BRIEF: In the data below, find every line with the word "Answer" and copy it.
......
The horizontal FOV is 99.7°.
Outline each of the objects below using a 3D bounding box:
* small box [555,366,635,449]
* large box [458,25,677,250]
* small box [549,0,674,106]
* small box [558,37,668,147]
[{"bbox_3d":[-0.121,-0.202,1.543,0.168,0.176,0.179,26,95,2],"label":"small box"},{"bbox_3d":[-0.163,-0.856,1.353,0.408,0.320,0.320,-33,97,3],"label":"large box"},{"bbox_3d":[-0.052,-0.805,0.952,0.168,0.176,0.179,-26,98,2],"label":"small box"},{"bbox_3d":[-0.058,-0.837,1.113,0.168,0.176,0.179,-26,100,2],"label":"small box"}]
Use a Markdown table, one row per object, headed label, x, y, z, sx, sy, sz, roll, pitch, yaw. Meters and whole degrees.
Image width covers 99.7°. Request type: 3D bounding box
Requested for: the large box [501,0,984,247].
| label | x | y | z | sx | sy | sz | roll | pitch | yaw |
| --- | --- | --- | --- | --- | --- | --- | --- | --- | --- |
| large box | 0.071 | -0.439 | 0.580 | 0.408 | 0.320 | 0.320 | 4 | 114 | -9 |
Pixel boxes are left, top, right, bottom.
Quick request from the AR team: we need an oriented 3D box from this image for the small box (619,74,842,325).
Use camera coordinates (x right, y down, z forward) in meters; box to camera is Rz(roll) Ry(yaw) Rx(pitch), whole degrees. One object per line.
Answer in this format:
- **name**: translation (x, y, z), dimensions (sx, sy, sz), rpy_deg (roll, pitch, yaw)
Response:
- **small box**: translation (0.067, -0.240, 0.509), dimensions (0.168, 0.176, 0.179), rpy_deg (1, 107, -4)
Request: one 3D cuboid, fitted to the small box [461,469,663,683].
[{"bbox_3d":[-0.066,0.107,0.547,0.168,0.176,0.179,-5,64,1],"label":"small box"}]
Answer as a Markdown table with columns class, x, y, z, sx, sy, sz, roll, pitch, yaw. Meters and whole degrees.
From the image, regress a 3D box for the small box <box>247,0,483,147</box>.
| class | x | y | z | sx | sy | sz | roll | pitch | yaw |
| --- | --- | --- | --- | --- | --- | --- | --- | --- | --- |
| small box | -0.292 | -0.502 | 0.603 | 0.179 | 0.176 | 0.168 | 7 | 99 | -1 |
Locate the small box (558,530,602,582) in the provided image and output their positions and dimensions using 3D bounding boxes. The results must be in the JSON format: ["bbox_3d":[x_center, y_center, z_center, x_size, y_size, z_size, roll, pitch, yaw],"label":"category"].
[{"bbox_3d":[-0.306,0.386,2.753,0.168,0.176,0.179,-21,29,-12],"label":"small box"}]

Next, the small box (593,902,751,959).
......
RESPONSE AREA:
Answer in this format:
Answer as a Markdown table with columns class, x, y, z, sx, sy, sz, roll, pitch, yaw. Meters and whole degrees.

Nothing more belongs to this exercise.